2020-11-24gcf2: workaround libgit2 alternates bug for extindex
While libgit2 handles alternates with relative paths properly for v2 epochs; nesting them another layer with extindex uses the wrong relative path expansion (and is inconsistent with git(1) behavior). Fortunately, it's possible to work around this libgit2 bug entirely within Gcf2 and avoid further special cases throughout the rest of our code to support extindex. Link: https://bugs.debian.org/975607
2020-09-19gcf2: wire up read-only daemons and rm -gcf2 script
It seems easiest to have a singleton Gcf2Client client object per daemon worker for all inboxes to use. This reduces overall FD usage from pipes. The `public-inbox-gcf2' command + manpage are gone and a `$^X' one-liner is used, instead. This saves inodes for internal commands and hopefully makes it easier to avoid mismatched PERL5LIB include paths (as noticed during development :x). We'll also make the existing cat-file process management infrastructure more resilient to BOFHs on process killing sprees (or in case our libgit2-based code fails on us). (Rare) PublicInbox::WWW PSGI users NOT using public-inbox-httpd won't automatically benefit from this change, and extra configuration will be required (to be documented later).
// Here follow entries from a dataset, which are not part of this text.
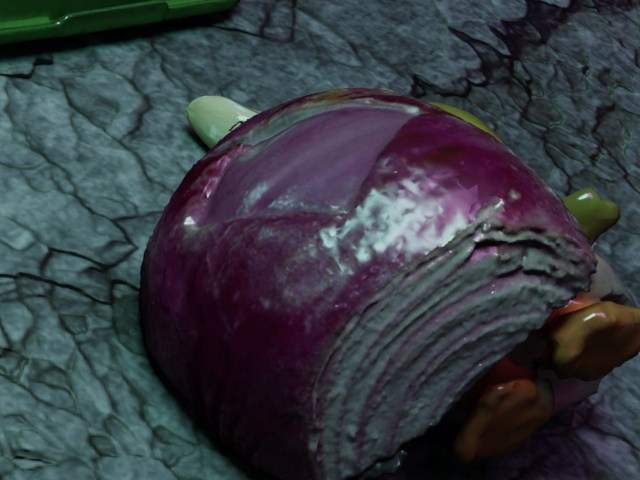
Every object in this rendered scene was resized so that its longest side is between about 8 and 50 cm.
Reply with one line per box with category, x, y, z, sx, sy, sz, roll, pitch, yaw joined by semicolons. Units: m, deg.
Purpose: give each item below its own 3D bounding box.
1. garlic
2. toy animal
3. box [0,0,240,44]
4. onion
garlic;-0.053;-0.078;1.435;0.083;0.041;0.053;9;23;-34
toy animal;0.092;0.008;1.302;0.281;0.195;0.169;53;4;30
box;-0.212;-0.285;1.494;0.329;0.177;0.253;-18;54;-45
onion;0.000;0.000;1.178;0.247;0.250;0.111;45;-4;27
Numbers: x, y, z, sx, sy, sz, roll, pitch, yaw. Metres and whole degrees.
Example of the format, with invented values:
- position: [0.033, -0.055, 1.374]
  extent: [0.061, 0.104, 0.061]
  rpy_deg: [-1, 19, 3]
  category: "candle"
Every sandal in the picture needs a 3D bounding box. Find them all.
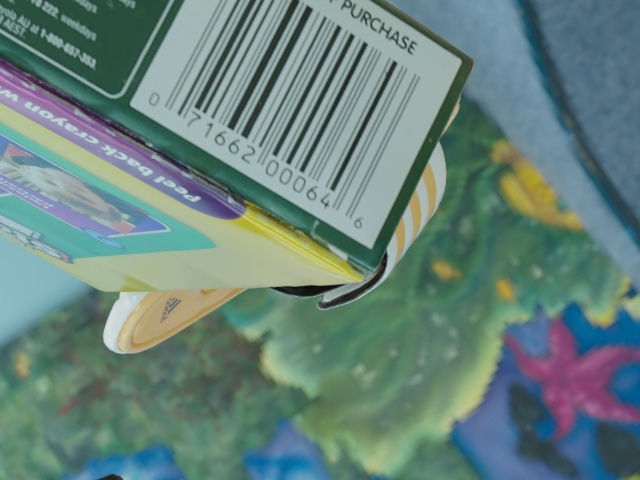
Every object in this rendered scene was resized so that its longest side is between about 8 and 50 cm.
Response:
- position: [-0.003, 0.006, 1.083]
  extent: [0.076, 0.265, 0.102]
  rpy_deg: [45, 146, 15]
  category: "sandal"

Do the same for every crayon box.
- position: [-0.169, -0.106, 0.797]
  extent: [0.363, 0.106, 0.313]
  rpy_deg: [31, 167, -20]
  category: "crayon box"

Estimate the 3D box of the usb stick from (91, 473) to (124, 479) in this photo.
- position: [-0.122, 0.207, 0.762]
  extent: [0.045, 0.278, 0.077]
  rpy_deg: [20, 132, 1]
  category: "usb stick"
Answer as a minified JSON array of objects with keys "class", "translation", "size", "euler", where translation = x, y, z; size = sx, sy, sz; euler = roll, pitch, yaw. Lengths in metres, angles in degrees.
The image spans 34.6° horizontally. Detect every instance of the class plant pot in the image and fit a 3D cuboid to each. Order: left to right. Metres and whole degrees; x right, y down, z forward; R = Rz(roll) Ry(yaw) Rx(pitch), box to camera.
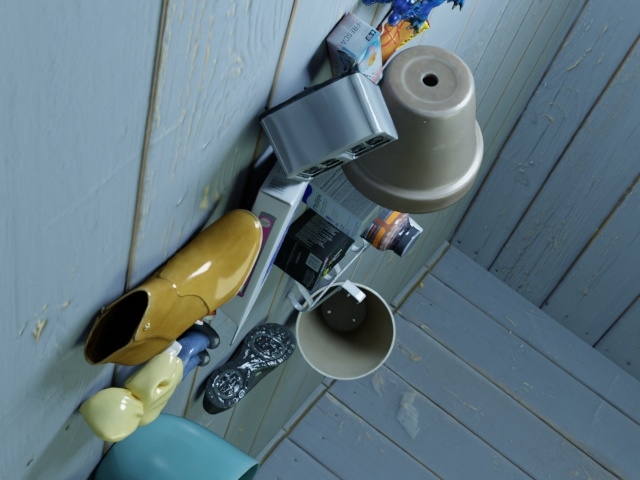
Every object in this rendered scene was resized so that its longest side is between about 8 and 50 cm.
[{"class":"plant pot","translation":[-0.300,0.479,2.016],"size":[0.293,0.235,0.293],"euler":[-50,168,-14]},{"class":"plant pot","translation":[0.063,0.213,2.752],"size":[0.256,0.256,0.274],"euler":[-55,-175,7]},{"class":"plant pot","translation":[0.169,-0.213,1.775],"size":[0.263,0.263,0.229],"euler":[-48,165,-26]}]

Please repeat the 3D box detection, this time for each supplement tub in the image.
[{"class":"supplement tub","translation":[0.116,-0.048,2.201],"size":[0.106,0.198,0.106],"euler":[-49,168,-15]}]

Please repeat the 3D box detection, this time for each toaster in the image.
[{"class":"toaster","translation":[0.014,-0.171,1.513],"size":[0.168,0.110,0.185],"euler":[-25,174,12]}]

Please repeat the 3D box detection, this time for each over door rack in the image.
[{"class":"over door rack","translation":[0.061,0.042,2.361],"size":[0.239,0.108,0.324],"euler":[-48,-168,-24]}]

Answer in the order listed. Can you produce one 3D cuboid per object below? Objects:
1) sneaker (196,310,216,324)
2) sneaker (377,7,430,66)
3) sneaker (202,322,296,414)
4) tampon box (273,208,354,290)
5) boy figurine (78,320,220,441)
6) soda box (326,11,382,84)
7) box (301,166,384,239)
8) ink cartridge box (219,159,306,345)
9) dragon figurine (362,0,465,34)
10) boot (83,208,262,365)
[{"class":"sneaker","translation":[-0.210,0.101,1.736],"size":[0.158,0.061,0.065],"euler":[-18,127,-82]},{"class":"sneaker","translation":[0.140,-0.356,1.714],"size":[0.175,0.067,0.064],"euler":[-56,170,20]},{"class":"sneaker","translation":[-0.173,0.294,2.368],"size":[0.286,0.109,0.130],"euler":[-37,171,-34]},{"class":"tampon box","translation":[0.000,0.000,2.122],"size":[0.161,0.101,0.120],"euler":[-45,167,-37]},{"class":"boy figurine","translation":[-0.289,0.244,1.725],"size":[0.285,0.092,0.177],"euler":[-40,166,-45]},{"class":"soda box","translation":[0.055,-0.282,1.598],"size":[0.058,0.063,0.183],"euler":[-52,169,-6]},{"class":"box","translation":[0.057,-0.094,1.976],"size":[0.126,0.137,0.072],"euler":[-47,168,-27]},{"class":"ink cartridge box","translation":[-0.097,0.002,1.738],"size":[0.176,0.069,0.371],"euler":[-64,178,-47]},{"class":"dragon figurine","translation":[0.193,-0.404,1.598],"size":[0.289,0.085,0.144],"euler":[-29,179,-11]},{"class":"boot","translation":[-0.209,0.070,1.496],"size":[0.295,0.104,0.211],"euler":[-50,169,5]}]
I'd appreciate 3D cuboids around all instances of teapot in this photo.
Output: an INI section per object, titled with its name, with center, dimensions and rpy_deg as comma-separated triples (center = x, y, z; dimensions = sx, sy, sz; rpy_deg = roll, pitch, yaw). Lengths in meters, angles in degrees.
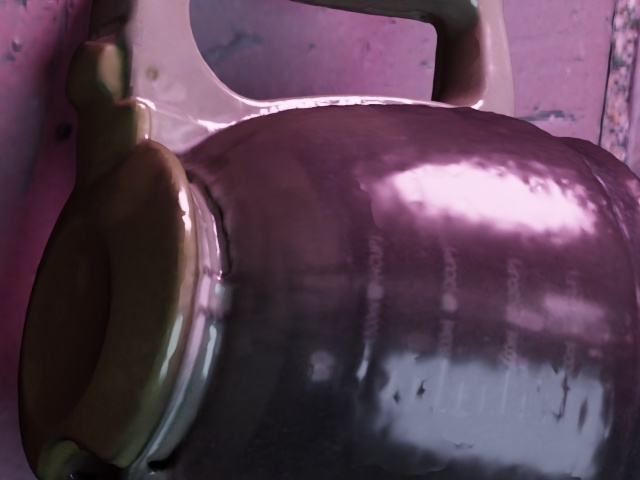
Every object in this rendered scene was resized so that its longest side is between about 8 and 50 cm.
[teapot]
center = 0.009, 0.009, 0.762
dimensions = 0.239, 0.239, 0.321
rpy_deg = 15, 96, -30

2020-09-19gcf2*: more descriptive package descriptions
Hopefully this allows others to more quickly figure out what's going on.
2020-09-19gcf2: libgit2-based git cat-file alternative
Having tens of thousands of inboxes and associated git processes won't work well, so we'll use libgit2 to access the object DB directly. We only care about OID lookups and won't need to rely on per-repo revision names or paths. The Git::Raw XS package won't be used since its manpages don't promise a stable API. Since we already use Inline::C and have experience with I::C when it comes to compatibility, this only introduces libgit2 itself as a source of new incompatibilities. This also provides an excuse for me to writev(2) to reduce syscalls, but liburing is on the horizon for next year.